Method: 3 articles were defined 1 base case, 1 that is similar to it and another that is different

Metric: percentage difference between the similarity of similar and different summaries (PD)

Results: 
- When comparing summaries PD was always around 2.5% except for comparison between final layer embeddings (PD: 7.29%)
- When comparing the first 512 tokens of the entire article, the same pattern emerged: PD around 4-5% for all embedding options, except for the embedding extracted from the final layer, where PD went above 10%.

Conclusion:
<b> Clustering final layer embeddings of entire articles. </b>

Question set 1:
- Are the PDs that we get large enough? Is there an objective way to define a sufficient PD?


Question set 2: (Further steps - how to use/describe clusters)
- Choose number of clusters
- NER
- Summary of centroid



In [1]:
import torch
from transformers import BertTokenizer, BertModel
from nltk.tokenize import sent_tokenize
from scipy import spatial
from pprint import pprint
import pandas as pd

In [2]:
summaries = []
with open('../data/misc/article_summary_list.txt', 'r') as file:
    summaries = [line.rstrip() for line in file]
articles = pd.read_csv('../data/clean/"quantumcomputing"AND"research"_999.csv')

In [67]:
pprint(summaries[0]) # baseline summary

('IBM and Google are giving $150M to two universities in the U.S. and Japan '
 'for quantum computing research. The aim is to create a quantum supercomputer '
 'in a decade that has 100,000 qubits. A signing ceremony is set to occur in '
 'Hiroshima, Japan this weekend at the G-7 meetings.')


In [68]:
pprint(summaries[1]) # similar

('The University of Chicago and the University of Tokyo are getting $150 '
 'million for quantum computing research. Former Chicago Mayor Rahm Emanuel, '
 'the current U.S. ambassador to Japan, said the schools’ partnership resulted '
 'from a lunch last summer. IBM is giving the two schools $100 million while '
 'Google is donating $50 million, according to the report.')


In [3]:
pprint(summaries[8]) # different

('Nikolaos “Nikos” Bogonikolos, 59, faces charges tied to wire fraud and '
 'smuggling.
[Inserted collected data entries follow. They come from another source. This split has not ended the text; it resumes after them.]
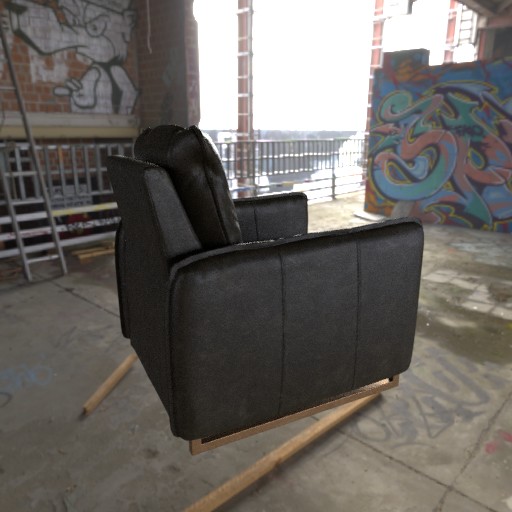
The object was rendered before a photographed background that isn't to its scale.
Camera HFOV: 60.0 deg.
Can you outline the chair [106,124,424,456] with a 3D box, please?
[{"bbox_3d":[0.000,0.000,1.629,0.921,0.921,0.830,-8,18,-26],"label":"chair"}]
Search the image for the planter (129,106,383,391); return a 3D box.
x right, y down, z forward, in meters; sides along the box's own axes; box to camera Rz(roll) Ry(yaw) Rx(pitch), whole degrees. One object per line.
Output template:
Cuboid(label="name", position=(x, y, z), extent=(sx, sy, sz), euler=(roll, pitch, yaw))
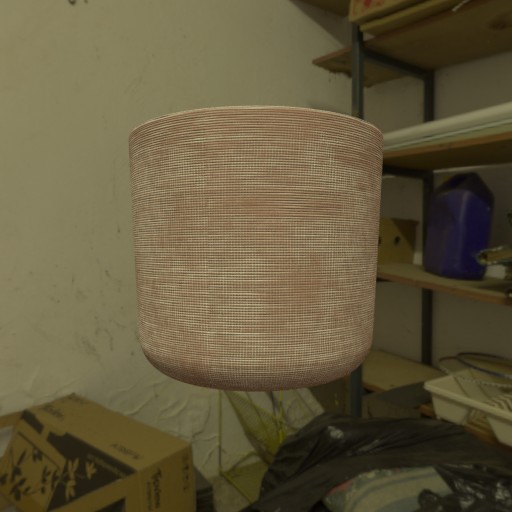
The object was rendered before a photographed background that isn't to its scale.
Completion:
Cuboid(label="planter", position=(0.000, 0.000, 0.799), extent=(0.440, 0.398, 0.440), euler=(0, 1, 0))
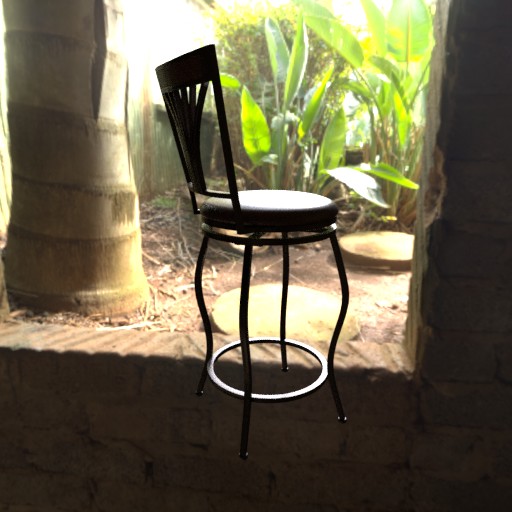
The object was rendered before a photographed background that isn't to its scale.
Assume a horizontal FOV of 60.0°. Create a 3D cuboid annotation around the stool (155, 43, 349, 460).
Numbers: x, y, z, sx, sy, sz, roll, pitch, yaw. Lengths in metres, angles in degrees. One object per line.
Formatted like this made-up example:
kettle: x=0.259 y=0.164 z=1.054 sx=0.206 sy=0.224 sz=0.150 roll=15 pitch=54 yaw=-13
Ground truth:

He was arrested in Paris last week and faces extradition to the '
 'U.S., the Justice Department says. The case portrays him as a man with '
 'access to sophisticated military technology.')


In [20]:
tokenizer.tokenize(summaries[8])

['nikola',
 '##os',
 '“',
 'nik',
 '##os',
 '”',
 'bog',
 '##oni',
 '##ko',
 '##los',
 ',',
 '59',
 ',',
 'faces',
 'charges',
 'tied',
 'to',
 'wire',
 'fraud',
 'and',
 'smuggling',
 '.',
 'he',
 'was',
 'arrested',
 'in',
 'paris',
 'last',
 'week',
 'and',
 'faces',
 'extra',
 '##dition',
 'to',
 'the',
 'u',
 '.',
 's',
 '.',
 ',',
 'the',
 'justice',
 'department',
 'says',
 '.',
 'the',
 'case',
 'portrays',
 'him',
 'as',
 'a',
 'man',
 'with',
 'access',
 'to',
 'sophisticated',
 'military',
 'technology',
 '.']

In [15]:
tokenizer = BertTokenizer.from_pretrained('bert-base-uncased')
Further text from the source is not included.